Print the lines from the one containing "Identify which is" through the end of the material below, both included, exactly as they appear and without pictures.

Task input:
___
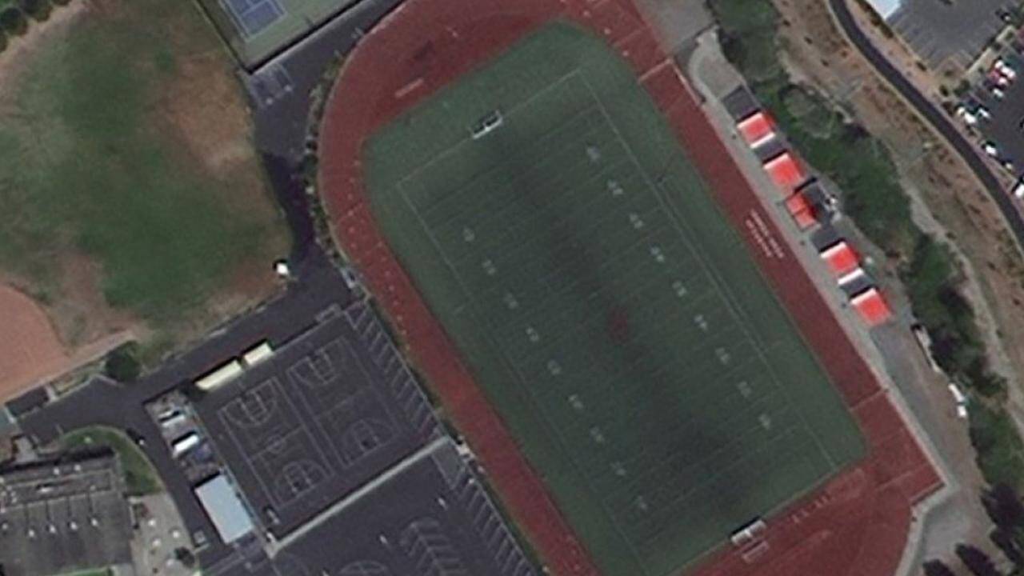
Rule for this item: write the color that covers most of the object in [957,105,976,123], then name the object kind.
white car
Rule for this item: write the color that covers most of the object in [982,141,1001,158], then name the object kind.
white car
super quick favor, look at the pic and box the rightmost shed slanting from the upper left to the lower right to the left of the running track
[195,474,254,546]
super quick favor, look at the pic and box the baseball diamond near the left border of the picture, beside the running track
[0,0,288,405]
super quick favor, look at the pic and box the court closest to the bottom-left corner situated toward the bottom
[220,379,333,508]
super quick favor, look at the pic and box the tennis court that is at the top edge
[204,0,370,69]
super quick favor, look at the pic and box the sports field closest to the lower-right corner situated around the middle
[359,18,869,576]
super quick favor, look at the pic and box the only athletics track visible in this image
[318,0,944,576]
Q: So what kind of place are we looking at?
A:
sports ground
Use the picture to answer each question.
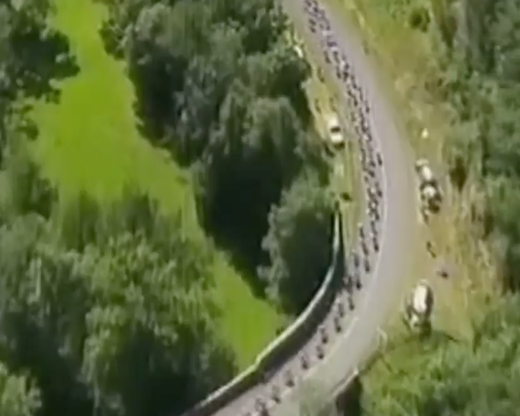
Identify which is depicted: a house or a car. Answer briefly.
car
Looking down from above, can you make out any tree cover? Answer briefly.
Yes
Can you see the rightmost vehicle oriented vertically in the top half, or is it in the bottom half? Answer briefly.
bottom
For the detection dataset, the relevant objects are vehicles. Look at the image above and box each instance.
[409,283,433,328]
[416,180,446,210]
[324,119,346,142]
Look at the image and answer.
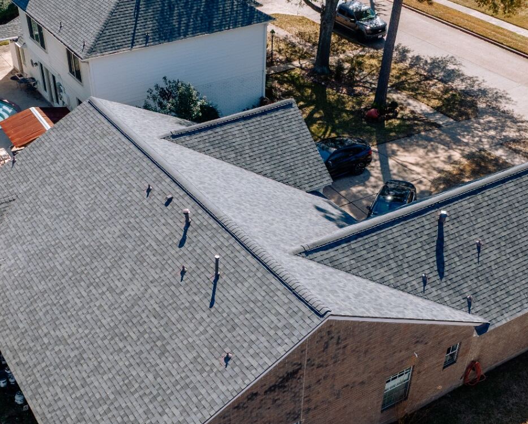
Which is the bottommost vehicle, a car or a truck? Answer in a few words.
car
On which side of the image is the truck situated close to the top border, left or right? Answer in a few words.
right
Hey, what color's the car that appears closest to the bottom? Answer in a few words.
black
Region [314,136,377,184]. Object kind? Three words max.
car
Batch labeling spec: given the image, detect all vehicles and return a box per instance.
[335,0,384,41]
[314,136,377,184]
[349,174,417,226]
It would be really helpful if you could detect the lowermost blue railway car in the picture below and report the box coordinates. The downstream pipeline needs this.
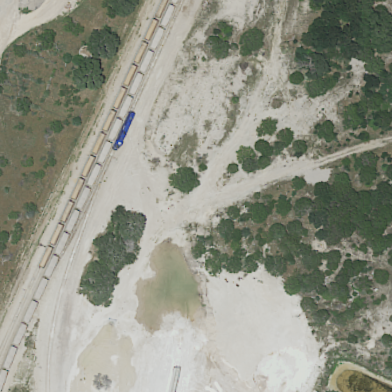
___
Solution for this exercise:
Identify which is depicted: a house or a car. Answer briefly.
car
Looking down from above, can you make out any tree cover? Answer briefly.
Yes
Can you see the rightmost vehicle oriented vertically in the top half, or is it in the bottom half? Answer briefly.
bottom
For the detection dataset, the relevant objects are vehicles. Look at the image above and box each instance.
[409,283,433,328]
[416,180,446,210]
[324,119,346,142]
Look at the image and answer.
Which is the bottommost vehicle, a car or a truck? Answer in a few words.
car
On which side of the image is the truck situated close to the top border, left or right? Answer in a few words.
right
Hey, what color's the car that appears closest to the bottom? Answer in a few words.
black
Region [314,136,377,184]. Object kind? Three words max.
car
Batch labeling spec: given the image, detect all vehicles and return a box per instance.
[335,0,384,41]
[314,136,377,184]
[349,174,417,226]
It would be really helpful if you could detect the lowermost blue railway car in the picture below and report the box coordinates. The downstream pipeline needs this.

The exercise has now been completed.